Further descriptions of data collection and processing are described in the manuscript and associated supplementary information.
Sharing/Access information
This is a section for linking to other ways to access the data, and for linking to sources the data is derived from, if any.
Data was derived from the following sources:
- Digitized images and associated collection records:
- iDigBio
- GBIF
- Consortium of Intermountain Herbaria
- Consortium of Pacific Northwest Herbaria
- iNaturalist
- Elevational data was derived from the elevatr package in R
- Climate data (temperature and precipitation) was derived from the CRU TS database
- Soil data was derived from the SoilGrids database
Code/Software
We coded analyses and figure generation in R. Raw data filtering and transformations were not included in this version of the script as they are lengthy and can be intuitively recreated using a working knowledge of the dplyr and tidyverse packages. We specifically include an R markdown file, used primarily for organizational purposes, NOT for producing knitted output (executing all code in the script and outputting the results to a word, pdf or html file). Model selection procedures can take several hours to run, thus we caution against running all of the code at once. Instead we suggest running code line-by-line only running the necessary pieces for your inquiry.

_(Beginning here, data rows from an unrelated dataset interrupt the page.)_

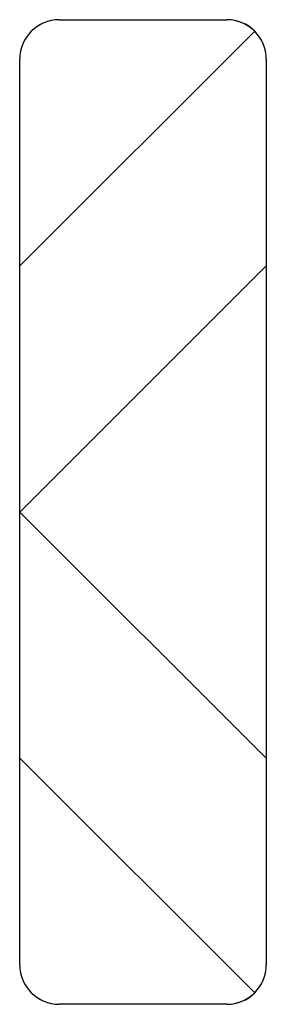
# Model space of a CAD drawing. Extents: x 0 to 250, y 0 to 1000.
import ezdxf

# ---------------------------------------------------------------- set-up
doc = ezdxf.new("R2010")
doc.units = 0
doc.header["$LTSCALE"] = 25
doc.linetypes.add('AUSGEZOGEN', pattern=[0])
doc.layers.get('0').update_dxf_attribs({"linetype": 'AUSGEZOGEN'})

msp = doc.modelspace()

# ---------------------------------------------------------------- linework, layer by layer
for p, q in [((40, 1000), (210, 1000)), ((40, 1000), (210, 1000)), ((238.3, 988.3), (0, 750)), ((0, 40), (0, 960)), ((0, 750), (0, 960)), ((250, 960), (250, 40)), ((0, 500), (250, 750)), ((250, 750), (250, 250)), ((250, 250), (0, 500)), ((0, 250), (238.3, 11.7)), ((0, 40), (0, 250)), ((210, 0), (40, 0)), ((210, 0), (40, 0))]:
    msp.add_line(p, q)
for centre, start, end in [((40, 960), 90, 180), ((40, 960), 90, 180), ((210, 960), 0, 90), ((210, 960), 45, 90), ((40, 40), 180, 270), ((40, 40), 180, 270), ((210, 40), 270, 360), ((210, 40), 270, 315)]:
    msp.add_arc(centre, 40, start, end)

doc.saveas('drawing.dxf')
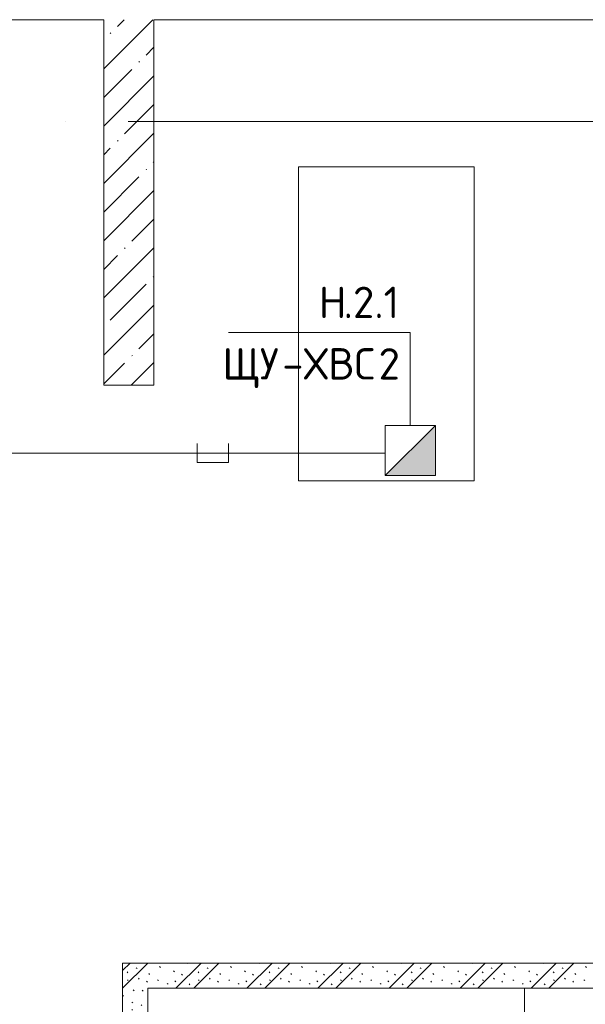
# Model space of a CAD drawing. Header units: millimetres. Extents: x -32229 to 169101, y -13689 to 125138.
# Tile 148 of 202: x 36516 to 41021, y 113222 to 121060. Entities that reach past the tile are written whole.
import ezdxf

# ---------------------------------------------------------------- set-up
doc = ezdxf.new("R2010")
doc.units = ezdxf.units.MM
doc.linetypes.add('ADSK_Линия сетки', pattern=[5000, 4000, -500, 0, -500])
for name, color, linetype, lineweight in [('A-____-NOTE-TEXT', 5, 'Continuous', 18), ('A-DETL-____-THIN', 7, 'Continuous', 9), ('A-FLOR-____-OTLN', 7, 'Continuous', 18), ('A-WALL-____-MCUT', 7, 'Continuous', 40), ('A-WALL-____-PATT', 7, 'Continuous', 40), ('G-____-____-TEXT', 7, 'Continuous', 9), ('I-WALL-____-MCUT', 7, 'Continuous', 40), ('S-GRID-____-OTLN', 7, 'Continuous', 9)]:
    doc.layers.add(name, color=color, linetype=linetype, lineweight=lineweight)
doc.layers.add('A-DETL-____-OTLN', color=7, linetype='Continuous', lineweight=9, true_color=0x00a600)
doc.styles.add('ISOCPEUR', font='isocpeur.ttf', dxfattribs={"height": 250})
pattern_1 = [(135, (300.56, 377.28), (-565.6854, 6e-14), [10, -790]), (135, (349.8, 474.73), (-565.6854, 6e-14), [10, -790]), (135, (423.93, 473.06), (-565.6854, 6e-14), [10, -790]), (135, (229.92, 447.9), (-565.6854, 6e-14), [10, -790]), (135, (155.08, 447.9), (-565.6854, 6e-14), [10, -790]), (135, (114.9, 369.03), (-565.6854, 6e-14), [10, -790]), (135, (132.43, 285.8), (-565.6854, 6e-14), [10, -790]), (135, (214.66, 322), (-565.6854, 6e-14), [10, -790]), (135, (198.16, 261.88), (-565.6854, 6e-14), [10, -790]), (135, (45.2, 272.9), (-565.6854, 6e-14), [10, -790]), (135, (42.32, 336.16), (-565.6854, 6e-14), [10, -790]), (135, (92.26, 192.24), (-565.6854, 6e-14), [10, -790]), (135, (7.07, 149.2), (-565.6854, 6e-14), [10, -790]), (135, (80.6, 95.1), (-565.6854, 6e-14), [10, -790]), (135, (79.53, 36.94), (-565.6854, 6e-14), [10, -790]), (135, (153.87, 74.56), (-565.6854, 6e-14), [10, -790]), (135, (228.35, 124.8), (-565.6854, 6e-14), [10, -790]), (135, (279.75, 180.4), (-565.6854, 6e-14), [10, -790]), (135, (282.9, 31.63), (-565.6854, 6e-14), [10, -790]), (135, (377.38, 53.45), (-565.6854, 6e-14), [10, -790]), (135, (352.28, 102.7), (-565.6854, 6e-14), [10, -790]), (135, (354.05, 0), (-565.6854, 6e-14), [10, -790]), (135, (553.23, 16.45), (-565.6854, 6e-14), [10, -790]), (135, (542.38, 63.45), (-565.6854, 6e-14), [10, -790]), (135, (536.58, 239.3), (-565.6854, 6e-14), [10, -790]), (135, (475.85, 203.9), (-565.6854, 6e-14), [10, -790]), (135, (475.85, 316.54), (-565.6854, 6e-14), [10, -790]), (135, (520.8, 408.7), (-565.6854, 6e-14), [10, -790]), (135, (551.1, 470.8), (-565.6854, 6e-14), [10, -790]), (135, (235.25, 537.93), (-565.6854, 6e-14), [10, -790]), (135, (407.25, 547.65), (-565.6854, 6e-14), [10, -790]), (135, (94.5, 558.6), (-565.6854, 6e-14), [10, -790]), (135, (46.4, 532.3), (-565.6854, 6e-14), [10, -790]), (135, (85.56, 465.04), (-565.6854, 6e-14), [10, -790]), (135, (355.53, 181.14), (-565.6854, 6e-14), [10, -790]), (135, (362.23, 243.6), (-565.6854, 6e-14), [10, -790]), (135, (413.45, 344.1), (-565.6854, 6e-14), [10, -790]), (135, (286.3, 273.25), (-565.6854, 6e-14), [10, -790]), (135, (423.02, 263.72), (-565.6854, 6e-14), [10, -790]), (135, (162.94, 190.2), (-565.6854, 6e-14), [10, -790]), (135, (470.25, 120.93), (-565.6854, 6e-14), [10, -790]), (135, (484.48, 9.78), (-565.6854, 6e-14), [10, -790]), (45, (0, 212.13), (-565.6854, 0), []), (45, (212.13, 0), (-565.6854, 0), []), (45, (353.55, 0), (-565.6854, 0), []), (45, (0, 353.55), (-565.6854, 0), [])]

# ---------------------------------------------------------------- blocks, each defined once
blk = doc.blocks.new('Наметкина 10_РД_АР_П_отсоединено_rvt-1--01 ЭМ')
at = {"layer": 'A-WALL-____-PATT', "lineweight": 5, "true_color": 0xaaaaaa}
h = blk.add_hatch(dxfattribs=at)
h.set_pattern_fill('FP_1', color=253, style=0, pattern_type=2)
h.set_pattern_definition([(45, (0, 0), (-228.0985, 228.0985), []), (45, (228.1, 0), (-228.0985, 228.0985), [403.225, -80.645, 6.706, -73.939])])
h.paths.add_polyline_path([(37335.3, 118150), (37585.3, 118150), (37585.3, 121060), (37185.3, 121060), (37185.3, 118150)])
h = blk.add_hatch(dxfattribs=at)
h.set_pattern_fill('FP_6', color=253, style=0, pattern_type=2)
h.set_pattern_definition(pattern_1)
h.paths.add_polyline_path([(41135.3, 113350), (43035.3, 113350), (43035.3, 113550), (37335.3, 113550), (37335.3, 113350), (40636.6, 113350)])
h = blk.add_hatch(dxfattribs=at)
h.set_pattern_fill('FP_6', color=253, style=0, pattern_type=2)
h.set_pattern_definition(pattern_1)
h.paths.add_polyline_path([(37335.3, 111500), (37535.3, 111500), (37535.3, 113350), (37335.3, 113350), (37335.3, 112567)])
at = {"layer": 'A-FLOR-____-OTLN', "color": 253, "lineweight": 13, "true_color": 0xaaaaaa}
for p, q in [((40135.3, 119890), (38735.3, 119890)), ((38735.3, 119890), (38735.3, 117390)), ((40135.3, 117390), (40135.3, 119890)), ((38735.3, 117390), (40135.3, 117390)), ((40535.3, 104025), (40535.3, 113350))]:
    blk.add_line(p, q, dxfattribs=at)
at = {"layer": 'A-WALL-____-MCUT', "color": 253, "lineweight": 13, "true_color": 0xaaaaaa}
for p, q in [((31085.3, 121060), (37185.3, 121060)), ((37185.3, 121060), (37185.3, 118150)), ((37585.3, 121060), (42935.3, 121060)), ((37585.3, 118150), (37585.3, 121060)), ((37185.3, 118150), (37585.3, 118150))]:
    blk.add_line(p, q, dxfattribs=at)
at = {"layer": 'I-WALL-____-MCUT', "color": 253, "lineweight": 13, "true_color": 0xaaaaaa}
for p, q in [((43035.3, 113550), (37335.3, 113550)), ((37335.3, 113550), (37335.3, 113350)), ((37335.3, 113350), (37335.3, 111500)), ((37535.3, 113350), (43035.3, 113350)), ((37535.3, 111500), (37535.3, 113350))]:
    blk.add_line(p, q, dxfattribs=at)
blk = doc.blocks.new('УГО_Шкаф - УГО_Шкаф-V122--01 ЭМ')
at = {"layer": 'A-____-NOTE-TEXT', "lineweight": 9, "true_color": 0x0000ff}
blk.add_hatch(color=5, dxfattribs=at).paths.add_polyline_path([(1, 2), (1, 0), (-1, 0)])
at = {"layer": 'A-____-NOTE-TEXT', "color": 5, "lineweight": 9, "true_color": 0x0000ff}
for p, q in [((-1, 0), (-1, 2)), ((-1, 2), (1, 2)), ((1, 2), (-1, 0)), ((1, 0), (1, 2)), ((1, 0), (1, 2)), ((1, 0), (-1, 0)), ((-1, 0), (1, 0))]:
    blk.add_line(p, q, dxfattribs=at)

msp = doc.modelspace()

# ---------------------------------------------------------------- linework, layer by layer
at = {"layer": 'A-DETL-____-OTLN', "color": 5, "true_color": 0x0000ff}
for p, q in [((37930.3, 117685.2), (37930.3, 117535.2)), ((38180.3, 117535.2), (38180.3, 117685.2)), ((39427.5, 117610.2), (29067.5, 117610.2)), ((37930.3, 117535.2), (38180.3, 117535.2))]:
    msp.add_line(p, q, dxfattribs=at)
at = {"layer": 'A-DETL-____-THIN'}
for p, q in [((38180.3, 118570.4), (39627.1, 118570.4)), ((39627.1, 118570.4), (39627.1, 117830.4))]:
    msp.add_line(p, q, dxfattribs=at)
at = {"layer": 'S-GRID-____-OTLN', "color": 253, "linetype": 'ADSK_Линия сетки', "true_color": 0xaaaaaa}
msp.add_line((131381.2, 120250), (-30593.4, 120250), dxfattribs=at)

# ---------------------------------------------------------------- block references
at = {"lineweight": 5}
msp.add_blockref('Наметкина 10_РД_АР_П_отсоединено_rvt-1--01 ЭМ', (0, 0), dxfattribs=at)
at = {"layer": 'A-____-NOTE-TEXT', "color": 5, "lineweight": 9, "true_color": 0x0000ff, "xscale": 200, "yscale": 200, "zscale": 200}
msp.add_blockref('УГО_Шкаф - УГО_Шкаф-V122--01 ЭМ', (39627.1, 117430.4), dxfattribs=at)

# ---------------------------------------------------------------- texts
at = {"layer": 'G-____-____-TEXT', "char_height": 250, "attachment_point": 1, "style": 'ISOCPEUR'}
for s, insert, width in [('\\fISOCPEUR|b0|i0|c204|p34|;Н', (38897.6, 118934.8), 240.506), ('.2.1', (39096, 118934.8), 545.148), ('ЩУ', (38130.3, 118445.3), 577.215), ('ХВС', (38778.5, 118445.3), 721.519), ('\\fISOCPEUR|b0|i0|c204|p34|;2', (39373.8, 118445.3), 208.439), ('\\fISOCPEUR|b0|i0|c204|p34|;-', (38606.5, 118445.3), 208.439)]:
    msp.add_mtext(s, dxfattribs=dict(at, insert=insert, width=width))

doc.saveas('drawing.dxf')
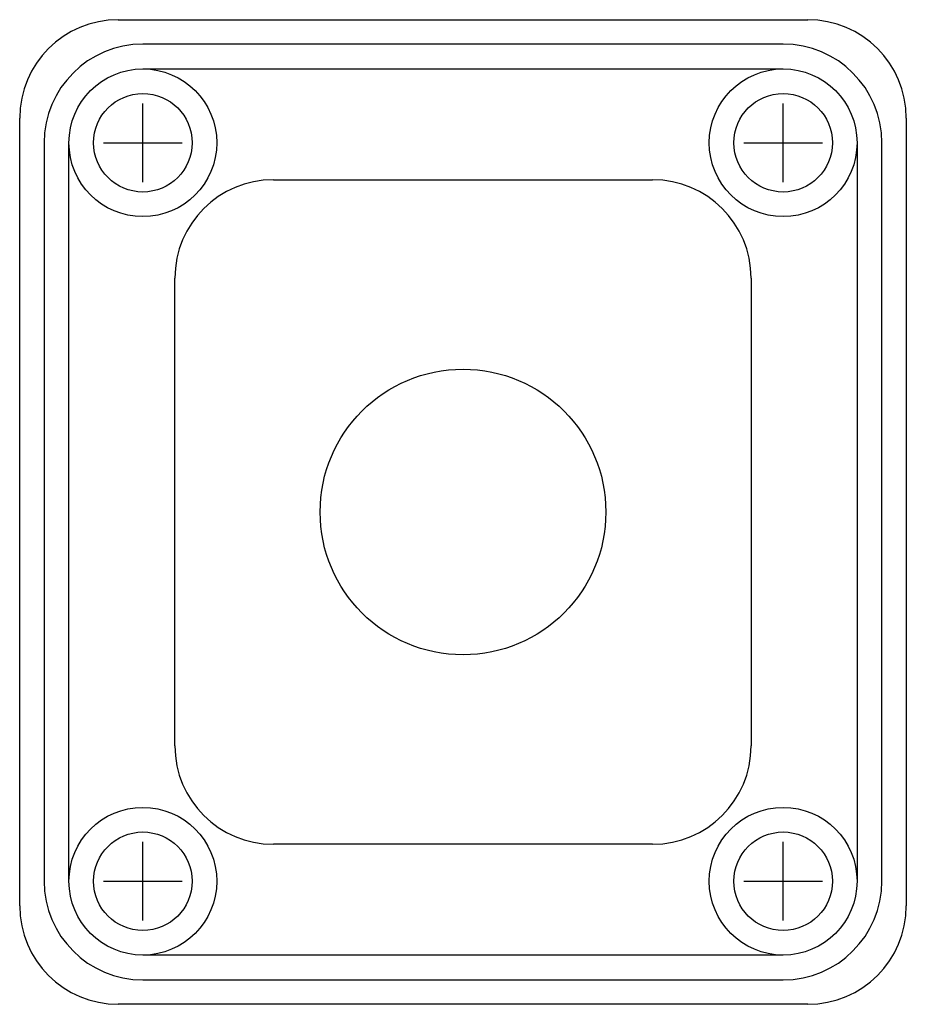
# Model space of a CAD drawing. Header units: inches. Extents: x -1.12 to 1.12, y -1.25 to 1.25.
import ezdxf

# ---------------------------------------------------------------- set-up
doc = ezdxf.new("R2010")
doc.units = ezdxf.units.IN
doc.header["$MEASUREMENT"] = 0
doc.header["$PDMODE"] = 2
doc.header["$PDSIZE"] = 0.1
doc.linetypes.add('Continuous2', pattern=[0])
doc.layers.add('Unnamed Level 1', color=1, linetype='Continuous')

msp = doc.modelspace()

# ---------------------------------------------------------------- linework, layer by layer
at = {"layer": 'Unnamed Level 1', "color": 3, "linetype": 'Continuous2', "lineweight": -3}
for p, q in [((-0.875, 1.25), (0.875, 1.25)), ((0.8125, 1.188), (-0.8125, 1.188)), ((-0.8125, 1.125), (0.8125, 1.125)), ((-1.125, -1), (-1.125, 1)), ((1.125, 1), (1.125, -1)), ((-1.063, 0.9375), (-1.063, -0.9375)), ((-1, -0.9375), (-1, 0.9375)), ((1, 0.9375), (1, -0.9375)), ((1.063, -0.9375), (1.063, 0.9375)), ((-0.48125, 0.84375), (0.48125, 0.84375)), ((-0.73125, -0.59375), (-0.73125, 0.59375)), ((0.73125, 0.59375), (0.73125, -0.59375)), ((0.48125, -0.84375), (-0.48125, -0.84375)), ((0.8125, -1.125), (-0.8125, -1.125)), ((-0.8125, -1.188), (0.8125, -1.188)), ((0.875, -1.25), (-0.875, -1.25))]:
    msp.add_line(p, q, dxfattribs=at)
for centre, radius in [((-0.8125, 0.9375), 0.1875), ((0.8125, 0.9375), 0.1875), ((-0.8125, 0.9375), 0.125), ((0.8125, 0.9375), 0.125), ((0, 0), 0.3625), ((-0.8125, -0.9375), 0.1875), ((0.8125, -0.9375), 0.1875), ((-0.8125, -0.9375), 0.125), ((0.8125, -0.9375), 0.125)]:
    msp.add_circle(centre, radius, dxfattribs=at)
for centre, radius, start, end in [((-0.875, 1), 0.25, 90, 180), ((0.875, 1), 0.25, 0, 90), ((-0.8125, 0.9375), 0.2505, 90, 180), ((0.8125, 0.9375), 0.2505, 0, 90), ((-0.48125, 0.59375), 0.25, 90, 180), ((0.48125, 0.59375), 0.25, 0, 90), ((-0.48125, -0.59375), 0.25, 180, 270), ((0.48125, -0.59375), 0.25, 270, 360), ((-0.8125, -0.9375), 0.2505, 180, 270), ((0.8125, -0.9375), 0.2505, 270, 360), ((-0.875, -1), 0.25, 180, 270), ((0.875, -1), 0.25, 270, 360)]:
    msp.add_arc(centre, radius, start, end, dxfattribs=at)
at = {"layer": 'Unnamed Level 1', "color": 4, "linetype": 'Continuous2', "lineweight": -3}
for p in [(-0.8125, 0.9375), (0.8125, 0.9375), (-0.8125, -0.9375), (0.8125, -0.9375)]:
    msp.add_point(p, dxfattribs=at)

doc.saveas('drawing.dxf')
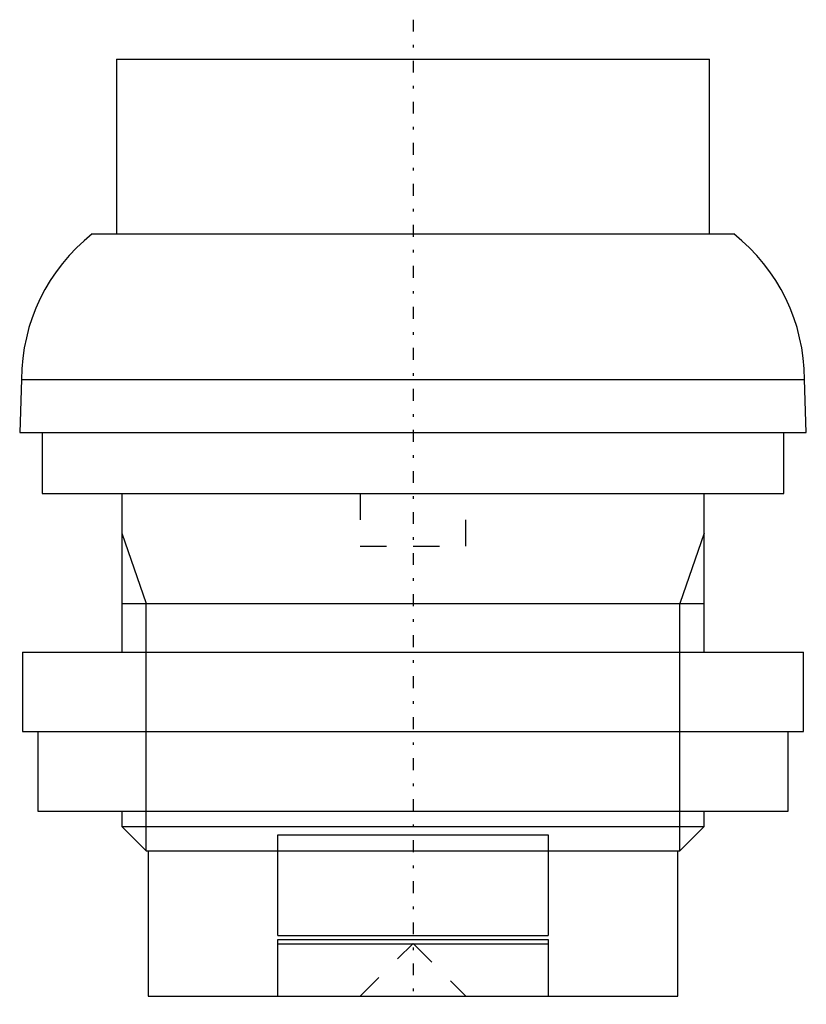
# Model space of a CAD drawing. Extents: x -14.8 to 14.8, y -0.3 to 36.9.
import ezdxf

# ---------------------------------------------------------------- set-up
doc = ezdxf.new("R2010")
doc.units = 0
doc.linetypes.add('CENTER', pattern=[1.5, 0.45, -0.5, 0.05, -0.5])
doc.linetypes.add('DASHED', pattern=[2, 1, -1])
for name, color, linetype in [('AM_0', 7, 'CONTINUOUS'), ('AM_10', 7, 'CONTINUOUS'), ('AM_3', 7, 'DASHED'), ('AM_7', 7, 'CENTER')]:
    doc.layers.add(name, color=color, linetype=linetype)

msp = doc.modelspace()

# ---------------------------------------------------------------- linework, layer by layer
at = {"layer": 'AM_0', "color": 7, "linetype": 'CONTINUOUS'}
for p, q in [((-11.2, 35.4), (-11.2, 28.8)), ((-11.2, 35.4), (11.2, 35.4)), ((11.2, 28.8), (11.2, 35.4)), ((-12.11, 28.8), (12.11, 28.8)), ((-14.78, 23.305), (-14.85, 21.3)), ((-14.78, 23.305), (14.78, 23.305)), ((14.85, 21.3), (14.78, 23.305)), ((-14.85, 21.3), (14.85, 21.3)), ((-14, 21.3), (-14, 19)), ((14, 19), (14, 21.3)), ((-14, 19), (14, 19)), ((-11, 19), (-11, 13)), ((11, 13), (11, 19)), ((-14.75, 13), (-14.75, 10)), ((-14.75, 13), (14.75, 13)), ((14.75, 10), (14.75, 13)), ((-14.75, 10), (14.75, 10)), ((-14.162, 10), (-14.162, 7)), ((14.162, 7), (14.162, 10)), ((-14.162, 7), (14.162, 7)), ((-11, 7), (-11, 6.42)), ((11, 6.42), (11, 7)), ((-11, 6.42), (-10.08, 5.5)), ((-11, 6.42), (11, 6.42)), ((10.08, 5.5), (11, 6.42)), ((-5.1, 2.3), (-5.1, 6.1)), ((-5.1, 6.1), (5.1, 6.1)), ((5.1, 6.1), (5.1, 2.3)), ((-10.08, 5.5), (10.08, 5.5)), ((-10, 5.5), (-10, 0)), ((10, 0), (10, 5.5)), ((-5.1, 2.3), (5.1, 2.3)), ((-5.1, 0), (-5.1, 2.15)), ((-5.1, 2.15), (5.1, 2.15)), ((-5.1, 1.988), (5.1, 1.988)), ((5.1, 2.15), (5.1, 0)), ((-10, 0), (10, 0))]:
    msp.add_line(p, q, dxfattribs=at)
for centre, start, end in [((-7.78, 23.3), 128.2132, 179.9625), ((7.78, 23.3), 0.0375, 51.7868)]:
    msp.add_arc(centre, 7, start, end, dxfattribs=at)
at = {"layer": 'AM_10', "color": 7, "linetype": 'CONTINUOUS'}
for p, q in [((-11, 17.5), (-10.08, 14.844)), ((11, 17.5), (10.08, 14.844)), ((-11, 14.844), (11, 14.844)), ((-10.08, 5.5), (-10.08, 14.844)), ((10.08, 5.5), (10.08, 14.844))]:
    msp.add_line(p, q, dxfattribs=at)
at = {"layer": 'AM_3', "color": 6, "linetype": 'DASHED'}
for p, q in [((-2, 19), (-2, 17)), ((2, 17), (2, 19)), ((-2, 17), (2, 17)), ((-2, 0), (0, 2)), ((0, 2), (2, 0))]:
    msp.add_line(p, q, dxfattribs=at)
at = {"layer": 'AM_7', "color": 4, "linetype": 'CENTER'}
msp.add_line((0, 36.895), (0, -0.302), dxfattribs=at)

doc.saveas('drawing.dxf')

Briefly, we downloaded digitized, imaged herbarium records of Fragaria virginiana from online herbarium databases (iDigBio, GBIF, the Consortium of Pacific Northwest Herbaria, and the Consortium of Intermountain Herbaria) and iNaturalist records. We filtered out all digital records which were missing geolocation coordinates (latitude, longitude) or a collection date. We scored imaged records for flower sex, flowering time (collection date), presence of collection-year runners, and measured petal and leaf length and width on a subset of herbarium records. We additionally used targeted primers to characterize the sex determining region (SDR) haplotypes on a subset of herbarium records, which we had sampled in-person and requested from specific herbaria. To associate sex ratio, petal/leaflet phenotype, flowering time (from collection date), runner presence and SDR haplotypes with spatial and climate variables we gathered data on elevation, temperature and precipitation (from the CRU time series dataset), and soil nitrogen and bulk density (from the SoilGrids dataset). Herbarium records were binned into east and west regions using a dividing meridian of 102° W (natural gap in the continent-wide range). Temperature and precipitation averages were estimated for the coldest (winter) and warmest (summer) months for each record, averaging the monthly temperature for the month of collection and the two preceeding months for 10 years prior to the collection year of the record (10-year pre-collection climatological means). Together these data were used to conduct the analyses presented in the linked manuscript.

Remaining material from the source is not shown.